There were also commercials telling you all the things you could do in New York. At City Center you could sing with every opera. If you didn’t have money, you could still go see a show or go to the museum. There was nothing you couldn’t participate in. And I don’t know when it changed. When I was growing up, it was all for everybody, and that’s what I miss—the inclusiveness. And I think Bloomberg has tried to put it back, but then he’s sort of stretched it out in a different way.

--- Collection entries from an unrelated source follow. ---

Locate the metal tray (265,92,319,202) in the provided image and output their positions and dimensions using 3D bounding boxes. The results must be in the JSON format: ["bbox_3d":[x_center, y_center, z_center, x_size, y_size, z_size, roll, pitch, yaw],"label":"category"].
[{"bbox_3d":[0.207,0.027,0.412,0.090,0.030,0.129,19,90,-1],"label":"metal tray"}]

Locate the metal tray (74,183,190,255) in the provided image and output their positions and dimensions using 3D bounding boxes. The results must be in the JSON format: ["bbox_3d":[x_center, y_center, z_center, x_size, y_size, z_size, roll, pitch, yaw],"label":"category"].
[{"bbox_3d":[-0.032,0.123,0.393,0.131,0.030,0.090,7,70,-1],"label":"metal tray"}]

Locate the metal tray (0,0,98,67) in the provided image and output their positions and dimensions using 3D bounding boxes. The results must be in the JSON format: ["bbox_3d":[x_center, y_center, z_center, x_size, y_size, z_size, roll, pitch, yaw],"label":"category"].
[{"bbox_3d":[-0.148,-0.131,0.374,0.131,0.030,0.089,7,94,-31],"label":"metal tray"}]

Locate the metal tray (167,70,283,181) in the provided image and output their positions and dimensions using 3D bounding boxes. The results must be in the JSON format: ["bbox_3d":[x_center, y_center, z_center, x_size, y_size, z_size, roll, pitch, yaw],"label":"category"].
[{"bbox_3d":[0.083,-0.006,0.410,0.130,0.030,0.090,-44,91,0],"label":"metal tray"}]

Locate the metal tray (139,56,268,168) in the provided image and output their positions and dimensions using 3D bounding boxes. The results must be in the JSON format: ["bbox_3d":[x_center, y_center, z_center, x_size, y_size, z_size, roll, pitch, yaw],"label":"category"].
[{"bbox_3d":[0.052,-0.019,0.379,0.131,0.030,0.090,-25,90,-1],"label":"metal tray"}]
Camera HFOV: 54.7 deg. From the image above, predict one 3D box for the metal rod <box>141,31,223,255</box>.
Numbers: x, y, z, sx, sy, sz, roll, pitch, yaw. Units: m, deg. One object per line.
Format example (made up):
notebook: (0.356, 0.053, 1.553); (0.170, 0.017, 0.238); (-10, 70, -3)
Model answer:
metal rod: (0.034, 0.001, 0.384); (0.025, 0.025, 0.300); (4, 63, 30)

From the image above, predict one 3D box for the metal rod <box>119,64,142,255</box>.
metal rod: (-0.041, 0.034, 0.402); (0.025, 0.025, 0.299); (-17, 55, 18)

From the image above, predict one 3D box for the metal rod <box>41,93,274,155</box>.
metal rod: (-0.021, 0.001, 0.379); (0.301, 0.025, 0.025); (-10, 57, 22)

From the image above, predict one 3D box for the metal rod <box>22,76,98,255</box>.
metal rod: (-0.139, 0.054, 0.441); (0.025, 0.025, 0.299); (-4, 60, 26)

I moved to New Jersey because one of the things that’s tough in NYC is to go and sit on a bench. I can’t go and sit on a bench if I’m not willing to talk to 30, 40 other people who also want to sit on the bench—with me. Which is okay, but if you just want to sit on the bench and think, you can’t do it. I tried. And once I took the job I have now, it made it even harder, so I got a place where I could actually be outside and be OK, because I have a little bit of land, so it makes me happy.

I have a very old, weird house, which is great. But I’m not going to say where it is, though you probably already know. I’m just going to say it’s Jersey.

I always try to get out there and exercise my brain, so I never stop touring. I don’t do the characters anymore. I do all kinds of strange stuff that comes in my head. And you can’t go wrong with menopause. It’s the gift that keeps on giving.

If there’s one thing I’d change about this country, I’d like to have everyone remember the promise of America, what it meant, why we did it. I’d like to leave all the things that break us up. Not just the politics, though. It’s some attitude that people have given themselves that says, ‘I’m better,’ you know? ‘You people can’t be here, but you people can.’ It’s like, wait a minute, we’re all immigrants. Unless you’re Native American, you’re an immigrant. We’re all here by invitation. Well, not all of us. Some of us got sort of put here...

But this idea that people coming to this country don’t have the right to hopes and dreams? I want everybody to just take a minute and go, “Wait. OK. What was the promise of America? That you could come to this country and maybe make something of yourself.” What does it say on Lady Liberty’s tablet? I want people to remember what those words mean. I want people to watch Roots again. I want people to remember what we’re doing here and who we are.

You know how people say, “Well, if you do this, the terrorists win”? Well, you know when the terrorists win big? When we’re divided as a nation. That’s my humble opinion.